Supercritical flow and heat transfer of SCO2 in geothermal reservoir under non-Darcy?s law combined with power generation from hot dry rock

Hot dry rock is one of the huge reserves of clean energy sources, and enhanced geothermal system is the effective utilization. Darcy's law is widely employed to describe the fluid flow in geothermal reservoirs. However, when Darcy's law is applied to describe supercritical flow in geothermal reservoir, there will be the deviation of temperature and pressure because of the high sensitivity of thermal physical properties. To compare Darcy's law with non-Darcy's law, Darcy's law is replaced by the non-Darcy' law to establish the coupled numerical model.
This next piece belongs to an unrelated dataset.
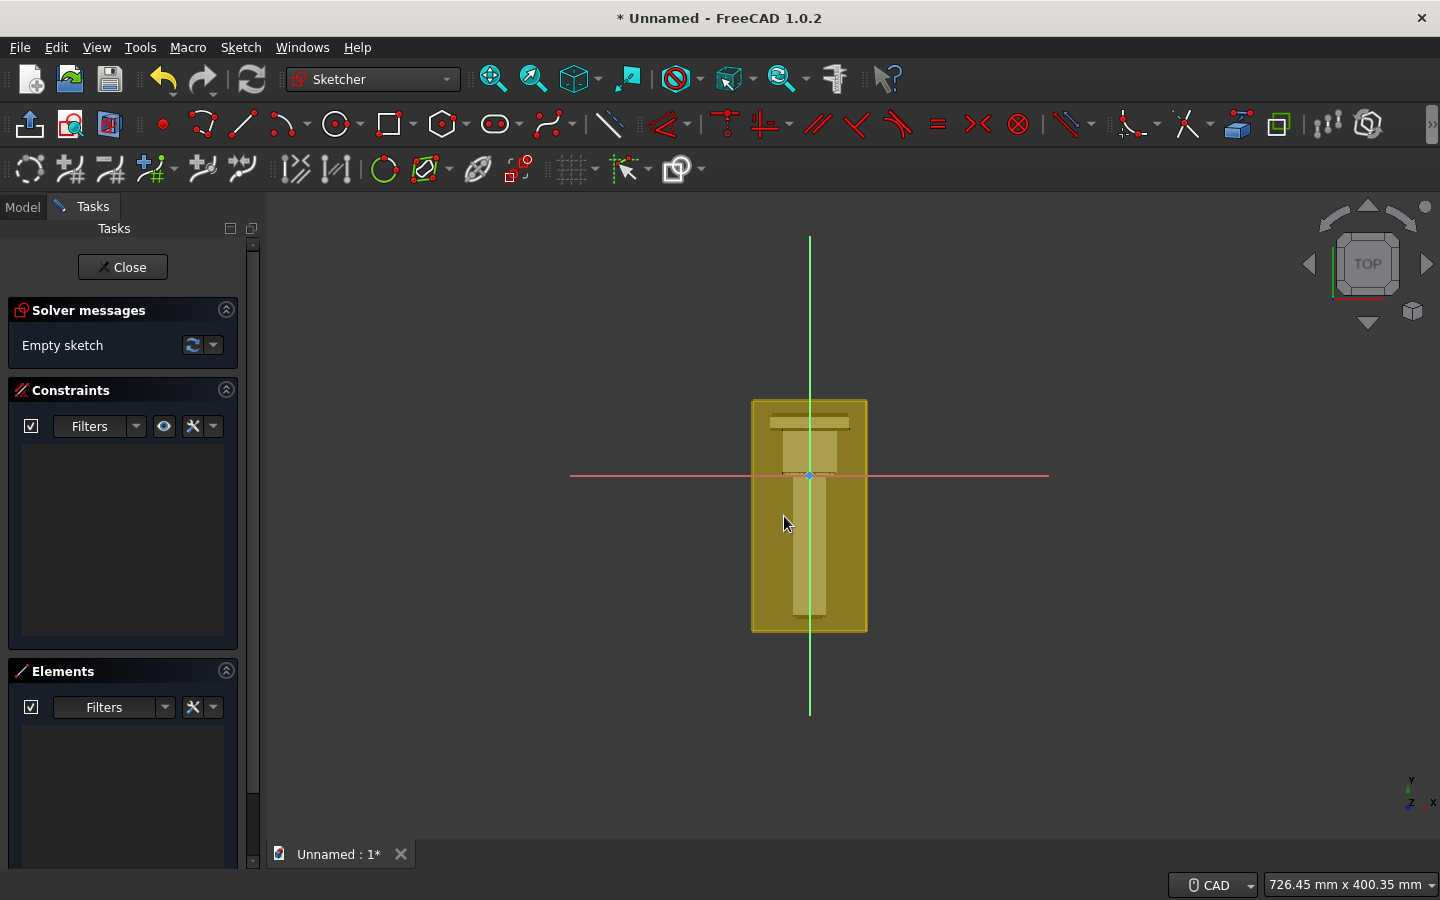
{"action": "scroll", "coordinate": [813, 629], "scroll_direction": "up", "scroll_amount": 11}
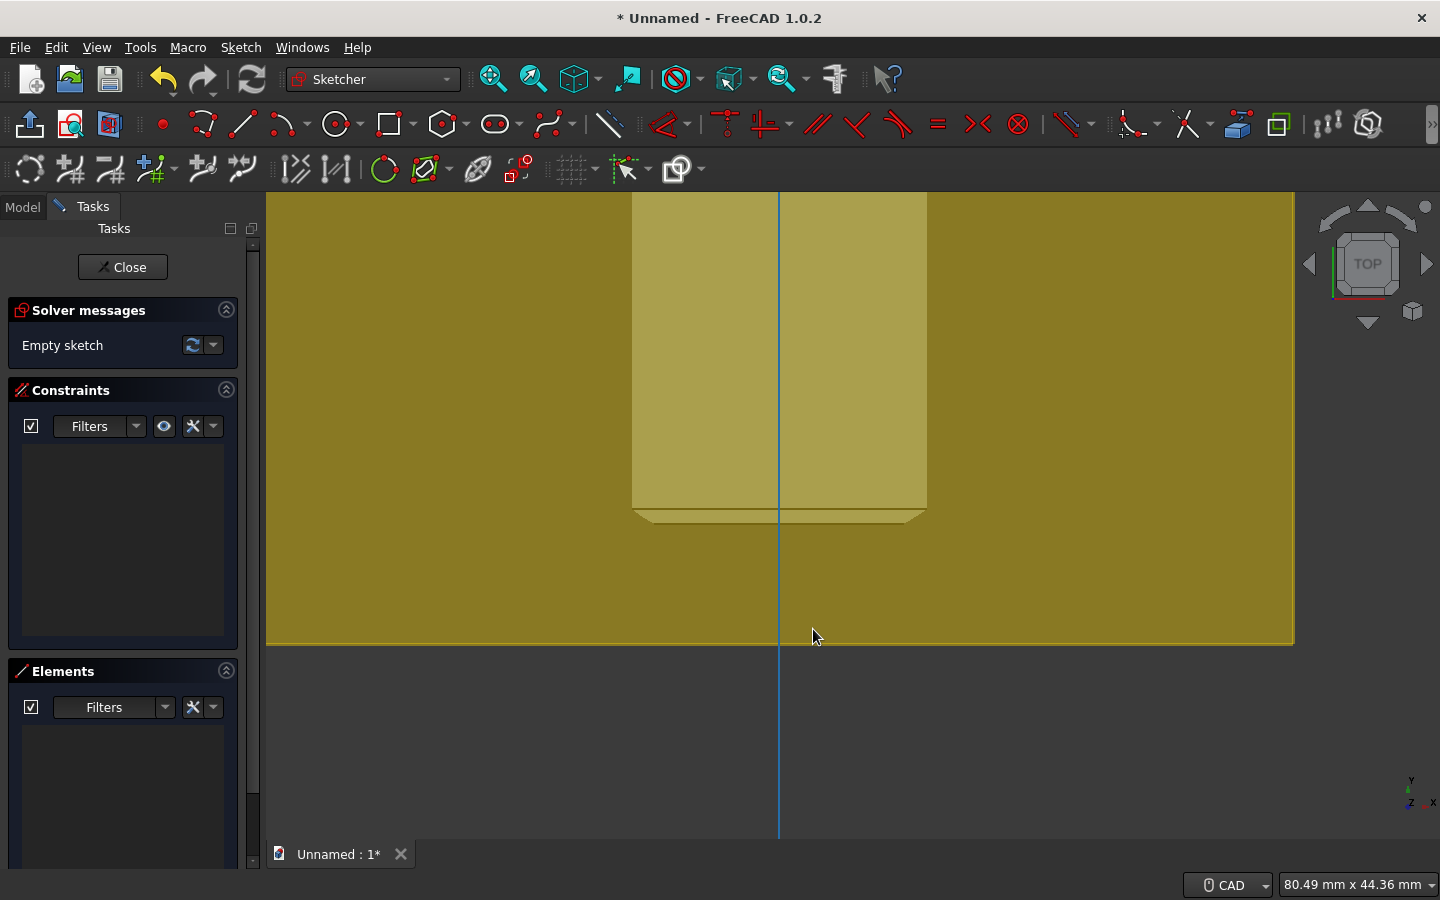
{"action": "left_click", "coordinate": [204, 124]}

The results show that there is little difference for the temperature distribution of geothermal reservoir between the two assumptions. The pressure drops of geothermal reservoirs with different mass flow rates have a signif-icant impact on power generation through the heat loss in production well. The heat preservation in production well is indispensability when the flow rate is small. Through the comparison between the two assumptions of Richardson number and Prandtl number, the buoyancy effect under non-Darcy's law is more significant than that of Darcy's law. When power generation, net work output, payback period and exergy efficiency are considered, mass flow rate of 50 kg/s is the optimal in EGS under the actual engineering conditions.